Summary of the Lawsuit

This lawsuit, entitled Burwitz v. Ulteig Engineers, Inc. Employee Stock Ownership Plan, No. 4:11-cv-04175-LLP (D.S.D.), alleged that certain participants in the Ulteig ESOP were wrongfully denied benefits in violation of the Employee Retirement Income Security Act of 1974 (“ERISA”).

Summary of the Claims

Plaintiffs were eligible for and elected to receive a single lump sum distribution of the Ulteig stock in their vested ESOP account based on the value of the stock (as determined by annual valuation) at the time they requested the distribution.  The Plan was subsequently amended to eliminate the lump sum distribution option for participants with accounts valued over $1,000 (and under $100,000).  The Complaint alleged that the Plan unlawfully applied this amendment retroactively to deny Plaintiffs and the Class with the right to receive their benefits as a single lump sum distribution, in violation of ERISA §§ 502(a)(1)(B) and 204(g).  Instead, the Plan was paying the Class their benefits in a series of annual installments based on a “floating” valuation of the Ulteig stock, where the amount of each installment was determined by dividing the value of the Ulteig stock in the participant’s account as of the current annual valuation by the number of remaining installment payments.  Plaintiffs sought a declaration that they and the Class were entitled to receive benefits in an amount that was at least equal to the amount due under the terms of the Plan as it existed at the time of their termination, plus interest.

The Class

This lawsuit was brought on behalf of the following persons:

Participants in the Ulteig Engineers, Inc. Employee Stock Ownership Plan, who were eligible for a single lump sum distribution of the Ulteig stock in their vested ESOP account under the terms of the Plan in effect at the time of their termination, who requested a distribution of the Ulteig stock in their vested ESOP account prior to October 15, 2009, and who have not received a distribution of all of the Ulteig stock in their vested ESOP account that is equal to or more than the value of the Ulteig stock as determined by the most recent annual valuation prior to the time of their distribution request, plus interest.
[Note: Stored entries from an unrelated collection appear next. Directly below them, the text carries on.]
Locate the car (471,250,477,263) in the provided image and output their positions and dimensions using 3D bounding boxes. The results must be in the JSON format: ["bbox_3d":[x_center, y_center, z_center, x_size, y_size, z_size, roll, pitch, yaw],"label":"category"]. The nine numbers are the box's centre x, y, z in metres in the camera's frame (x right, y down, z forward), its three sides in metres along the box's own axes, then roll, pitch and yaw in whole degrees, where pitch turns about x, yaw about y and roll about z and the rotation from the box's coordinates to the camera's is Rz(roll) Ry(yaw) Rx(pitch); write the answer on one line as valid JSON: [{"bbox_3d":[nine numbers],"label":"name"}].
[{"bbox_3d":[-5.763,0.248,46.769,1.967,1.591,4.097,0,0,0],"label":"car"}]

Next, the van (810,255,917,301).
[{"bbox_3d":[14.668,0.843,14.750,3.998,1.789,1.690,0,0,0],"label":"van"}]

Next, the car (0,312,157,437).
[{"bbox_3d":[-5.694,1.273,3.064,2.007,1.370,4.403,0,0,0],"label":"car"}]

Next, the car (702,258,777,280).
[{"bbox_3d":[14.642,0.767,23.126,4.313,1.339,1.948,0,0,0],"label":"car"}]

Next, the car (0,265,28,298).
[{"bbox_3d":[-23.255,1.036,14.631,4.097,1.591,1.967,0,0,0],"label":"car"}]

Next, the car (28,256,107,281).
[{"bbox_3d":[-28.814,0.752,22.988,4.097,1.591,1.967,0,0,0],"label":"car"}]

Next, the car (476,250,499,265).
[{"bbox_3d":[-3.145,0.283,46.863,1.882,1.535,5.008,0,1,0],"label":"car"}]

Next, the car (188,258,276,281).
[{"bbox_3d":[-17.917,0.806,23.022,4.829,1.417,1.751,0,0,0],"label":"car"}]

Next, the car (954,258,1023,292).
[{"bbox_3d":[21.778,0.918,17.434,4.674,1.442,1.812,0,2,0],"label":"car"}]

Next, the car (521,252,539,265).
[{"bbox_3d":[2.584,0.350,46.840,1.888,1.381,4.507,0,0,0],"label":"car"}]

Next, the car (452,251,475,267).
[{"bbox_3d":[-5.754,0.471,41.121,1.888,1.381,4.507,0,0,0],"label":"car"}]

This Class also includes the beneficiaries of any of the Participants described above.

History of the Litigation

Plaintiffs filed their complaint on December 5, 2011.  After Plaintiffs filed their Complaint, the Plan made payments to all participants in the Plan whose employment was terminated prior to November 12, 2009, who requested a distribution prior to November 12, 2009 and who had account balances as of December 31, 2008 of between $1,000 and $100,000, in an amount that equals the value of those participants’ accounts pursuant to the December 31, 2008 valuation, plus interest. Based on an affidavit of Steven P. Maag, Ulteig’s then CFO and a member of the Administrative Committee, who confirmed such payments were made, Plaintiffs agreed that all amounts, other than fees and expenses, sought in their complaint on behalf of themselves and the class had been distributed by Defendant to the Plaintiffs and the putative class. As a result, Plaintiffs agreed to dismiss with prejudice their claims other than any requests for attorneys’ fees, expenses and costs.  On January 14, 2014, the Court granted Plaintiffs’ motion for attorney fees and costs, and entered a Judgment of Dismissal on January 15, 2014.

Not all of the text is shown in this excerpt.